▶ **What the exercise asks**: Search the data below for the word "Numbers" and copy each line that holds it.

▶ **Records from a data collection**:
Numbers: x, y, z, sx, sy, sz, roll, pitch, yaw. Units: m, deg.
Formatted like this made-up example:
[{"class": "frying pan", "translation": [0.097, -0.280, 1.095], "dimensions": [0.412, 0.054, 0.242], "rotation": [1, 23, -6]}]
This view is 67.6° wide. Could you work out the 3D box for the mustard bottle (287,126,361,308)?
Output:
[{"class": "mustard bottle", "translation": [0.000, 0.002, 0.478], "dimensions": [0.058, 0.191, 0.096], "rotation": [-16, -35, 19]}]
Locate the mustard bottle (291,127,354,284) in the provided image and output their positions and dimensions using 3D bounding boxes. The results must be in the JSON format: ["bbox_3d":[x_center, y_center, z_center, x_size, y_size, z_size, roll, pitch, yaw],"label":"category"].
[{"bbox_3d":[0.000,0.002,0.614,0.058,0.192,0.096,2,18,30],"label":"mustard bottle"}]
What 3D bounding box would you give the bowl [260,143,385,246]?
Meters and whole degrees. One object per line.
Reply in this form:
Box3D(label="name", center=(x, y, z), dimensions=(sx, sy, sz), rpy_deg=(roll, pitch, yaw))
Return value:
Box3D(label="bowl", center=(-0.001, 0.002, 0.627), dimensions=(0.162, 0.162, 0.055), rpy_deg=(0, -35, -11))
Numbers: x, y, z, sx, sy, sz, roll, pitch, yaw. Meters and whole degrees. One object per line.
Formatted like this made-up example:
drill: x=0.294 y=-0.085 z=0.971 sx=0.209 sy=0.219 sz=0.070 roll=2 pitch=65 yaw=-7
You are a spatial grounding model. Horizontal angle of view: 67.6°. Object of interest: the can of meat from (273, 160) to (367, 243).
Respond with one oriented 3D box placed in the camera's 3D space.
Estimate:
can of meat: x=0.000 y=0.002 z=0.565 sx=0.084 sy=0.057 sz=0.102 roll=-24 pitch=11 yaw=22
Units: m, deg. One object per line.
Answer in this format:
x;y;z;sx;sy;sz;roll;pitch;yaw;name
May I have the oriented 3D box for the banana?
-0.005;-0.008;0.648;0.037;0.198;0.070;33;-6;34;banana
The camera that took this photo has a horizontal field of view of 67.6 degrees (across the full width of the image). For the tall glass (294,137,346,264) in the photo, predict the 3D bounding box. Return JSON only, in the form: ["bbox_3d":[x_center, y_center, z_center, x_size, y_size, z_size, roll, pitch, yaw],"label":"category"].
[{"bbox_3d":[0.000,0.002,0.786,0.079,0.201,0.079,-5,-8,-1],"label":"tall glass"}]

...

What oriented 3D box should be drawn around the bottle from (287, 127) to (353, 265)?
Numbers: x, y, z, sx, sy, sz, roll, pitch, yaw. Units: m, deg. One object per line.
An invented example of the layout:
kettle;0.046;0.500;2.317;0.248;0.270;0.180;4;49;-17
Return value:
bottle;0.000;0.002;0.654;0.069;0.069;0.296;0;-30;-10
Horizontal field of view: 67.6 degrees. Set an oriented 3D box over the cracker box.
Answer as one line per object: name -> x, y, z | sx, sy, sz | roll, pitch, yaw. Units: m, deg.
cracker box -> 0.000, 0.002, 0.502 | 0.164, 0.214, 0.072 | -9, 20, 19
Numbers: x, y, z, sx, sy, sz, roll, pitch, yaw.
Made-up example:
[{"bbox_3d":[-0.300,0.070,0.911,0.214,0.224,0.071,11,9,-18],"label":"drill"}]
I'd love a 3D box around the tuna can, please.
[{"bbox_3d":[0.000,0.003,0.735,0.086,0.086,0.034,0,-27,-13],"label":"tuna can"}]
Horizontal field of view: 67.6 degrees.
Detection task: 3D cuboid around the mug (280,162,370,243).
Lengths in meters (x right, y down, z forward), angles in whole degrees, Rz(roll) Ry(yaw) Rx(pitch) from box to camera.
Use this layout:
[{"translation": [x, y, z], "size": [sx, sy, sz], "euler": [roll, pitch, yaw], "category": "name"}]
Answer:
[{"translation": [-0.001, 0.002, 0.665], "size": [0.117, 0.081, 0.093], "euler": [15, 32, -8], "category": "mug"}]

▶ **Answer to this exercise**:
Numbers: x, y, z, sx, sy, sz, roll, pitch, yaw. Units: m, deg.
Numbers: x, y, z, sx, sy, sz, roll, pitch, yaw. Meters and whole degrees. One object per line.
Numbers: x, y, z, sx, sy, sz, roll, pitch, yaw. Units: m, deg. One object per line.
Numbers: x, y, z, sx, sy, sz, roll, pitch, yaw.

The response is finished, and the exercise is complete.